Florida, like a lot of other jurisdictions, has an unclaimed property program whereby if an owner is deemed to have abandoned property (remember that old bank account you had in college years ago with a $2.50 balance?), the holder of that property may transfer it to the State, which keeps it until you come get it. In the meantime, however, under Florida's scheme if that property is money (or is reduced to money), any interest which accrues is used by the State to pay for public schools. (That may not be constitutional, but at least funding schools with someone else's money seems a better use of the interest than funding the State Fair.)

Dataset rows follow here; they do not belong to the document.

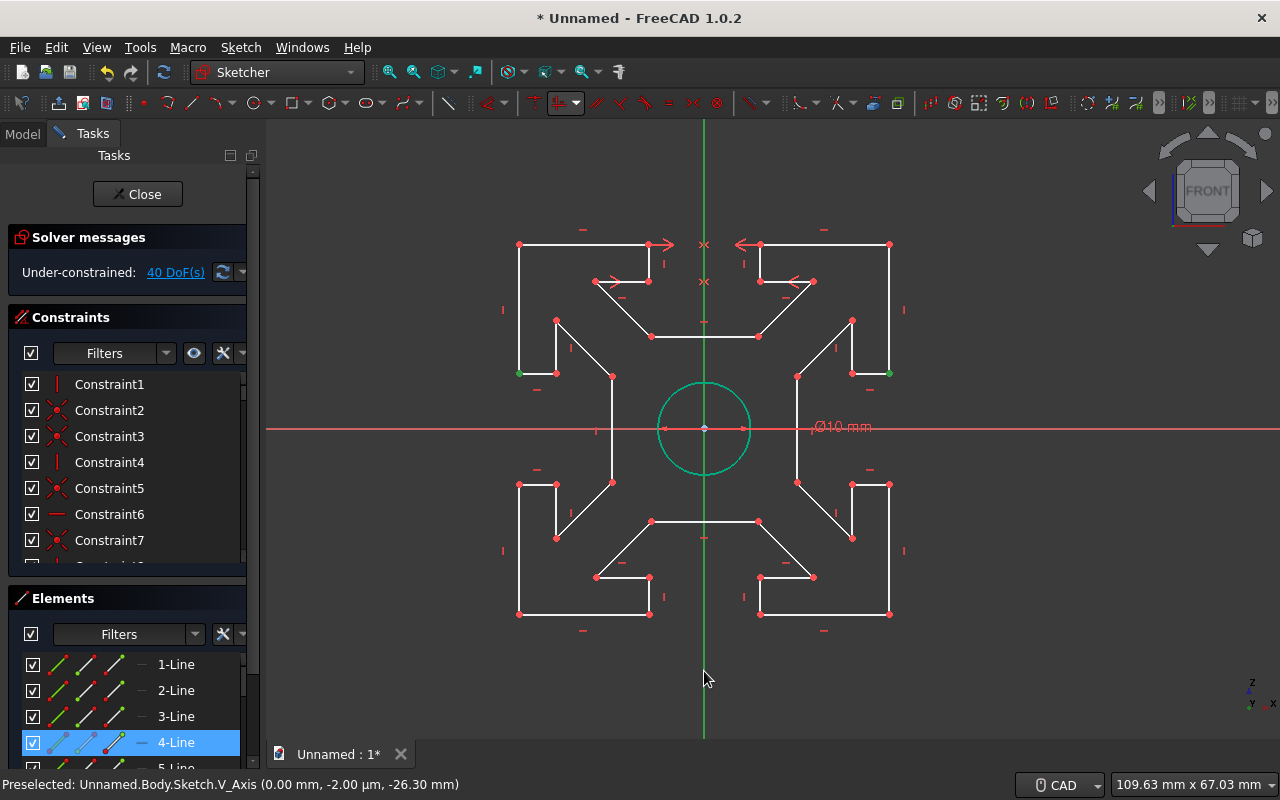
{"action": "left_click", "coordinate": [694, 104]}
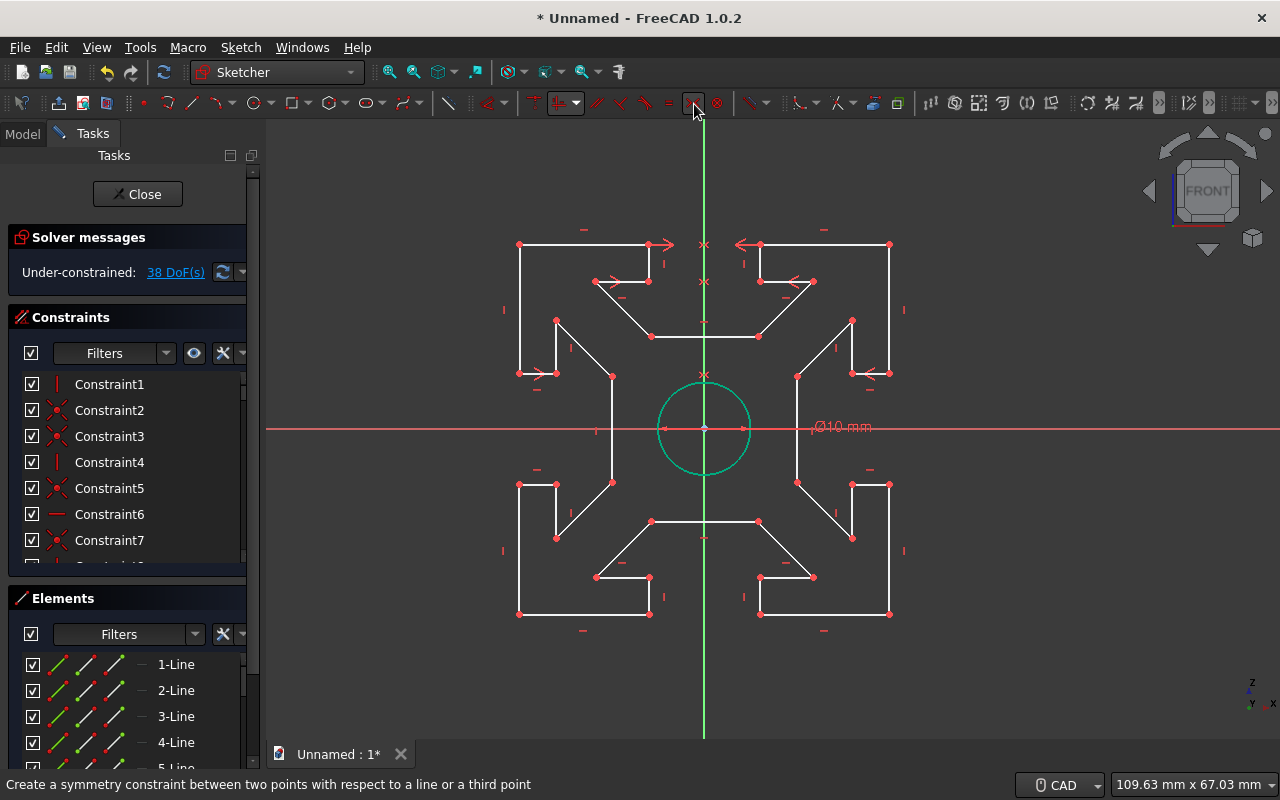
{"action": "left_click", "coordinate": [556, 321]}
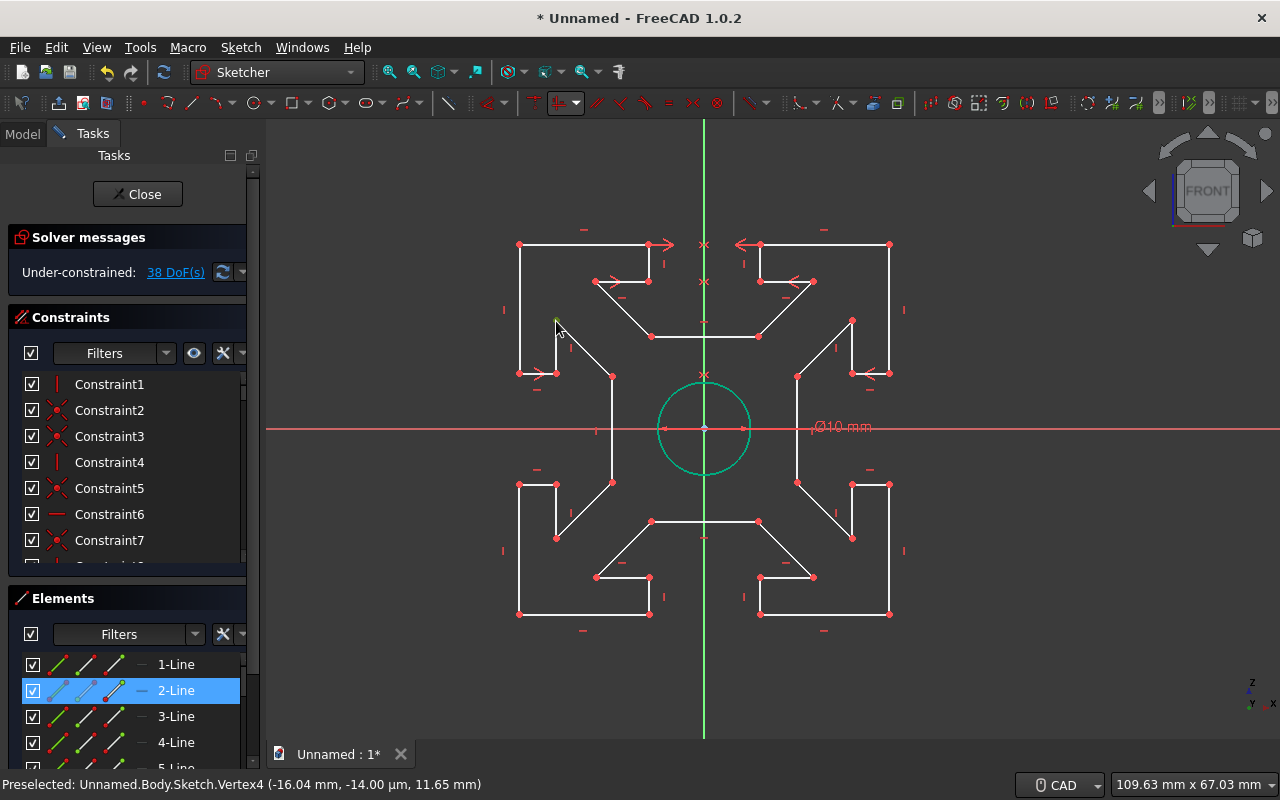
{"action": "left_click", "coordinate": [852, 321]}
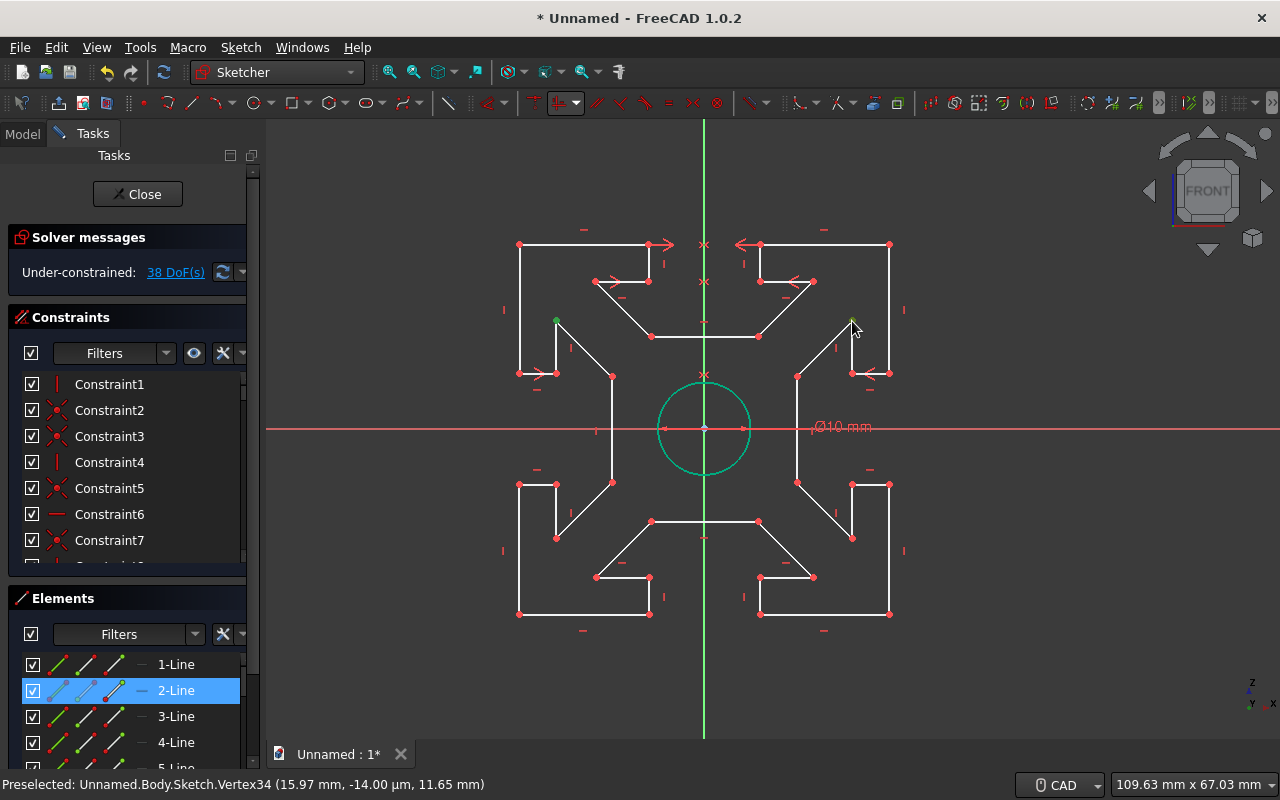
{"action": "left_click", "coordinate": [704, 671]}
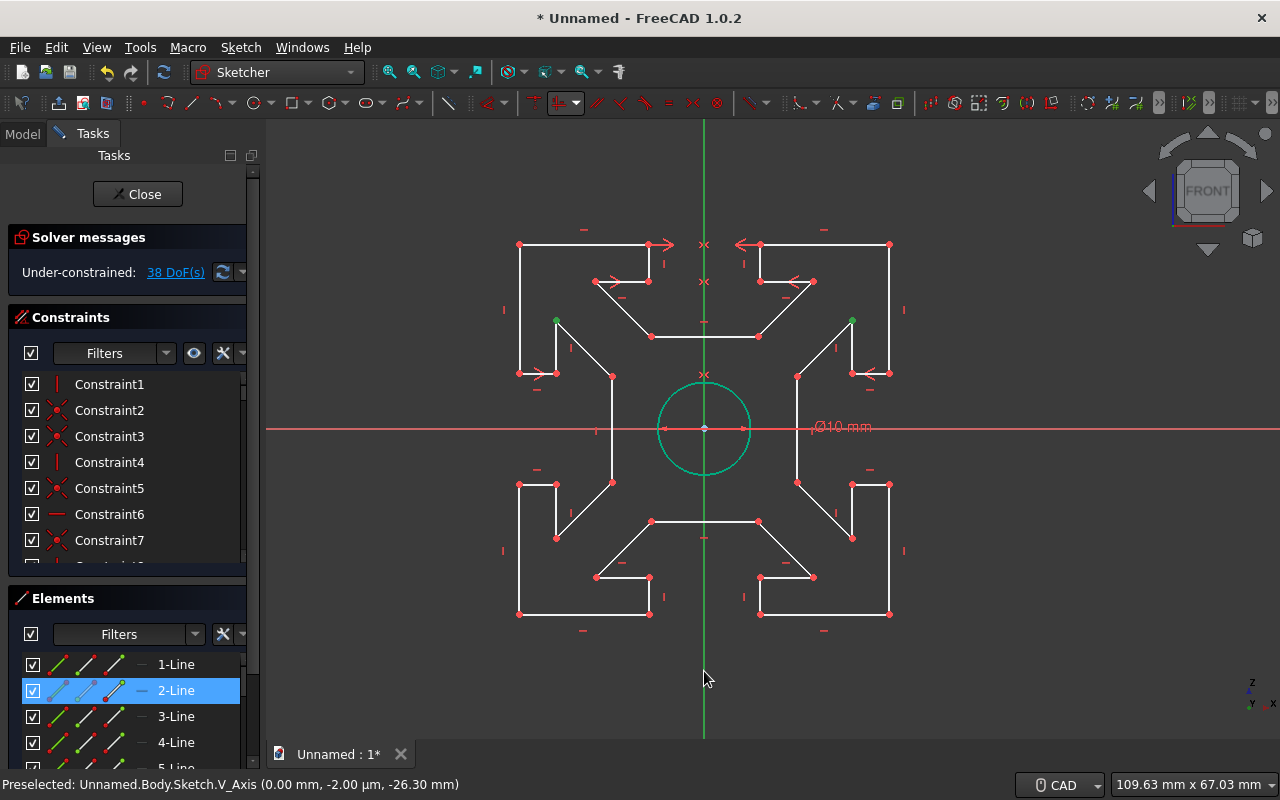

Florida had some of Maron's money in its unclaimed property fund, a whopping $26.24. State law allowed her to get that money back, but as noted above, also prohibited her from getting the interest, so she sued for a taking.
In federal court.
If that sets off your alarm bells, you'd be right. You know why: the Eleventh Amendment. Which has been interpreted to bar a plaintiff from suing a state in any federal court (yes, we know that's not what the Eleventh Amendment says, but the Supreme Court reads it that way).
But there are exceptions, most notably Ex parte Young, which says that the Eleventh only bars federal court suits for retrospective damages, and allows you to sue a state in federal court if you limit the relief sought to prospective injunctive relief.
In Maron v. Chief Financial Officer of Florida, No. 23-13178 (May 16, 2025), that's what Maron thought she did. She didn't ask the court to award just compensation.Instead, she asserted Florida was keeping the interest, and there was no way to get compensation.
The district court agreed with Florida and held that she was suing for a taking, an act Florida already had accomplished, and thus was not something that the court could order it to stop doing. And thus the relief she sought was not prospective, only remedial. Case dismissed.
The U.S. Court of Appeals for the Eleventh Circuit rejected that argument. Here's what we think is the money quote:
That inquiry resolves in the Marons’ favor. The Marons alleged an ongoing violation of federal law—that the State has appropriated their refund and failed to give them just compensation. And they sought prospective relief—that the district court declare a part of the Act unconstitutional for precluding recovery of just compensation and that it order the State to pay just compensation when they later file a claim. The Ex parte Young exception applies.Relying on Edelman v. Jordan, 415 U.S. 651 (1974), the State argues that the Marons’ prayer for injunctive relief is really a request for retrospective relief. The State contends that the request to “pay the Marons and class members past monetary gains when they file a claim in the future . . . amounts to nothing more than a prospective request for retroactive monetary damages.” We disagree.
Slip op. at 17.
On that, the Eleventh Circuit joined at least one other circuit (the Ninth, which held in this case that the State of Oregon could be sued in federal court when the remedy sought is injunctive relief ordering Oregon to stop withholding interest that should have gone to the property owner plaintiffs).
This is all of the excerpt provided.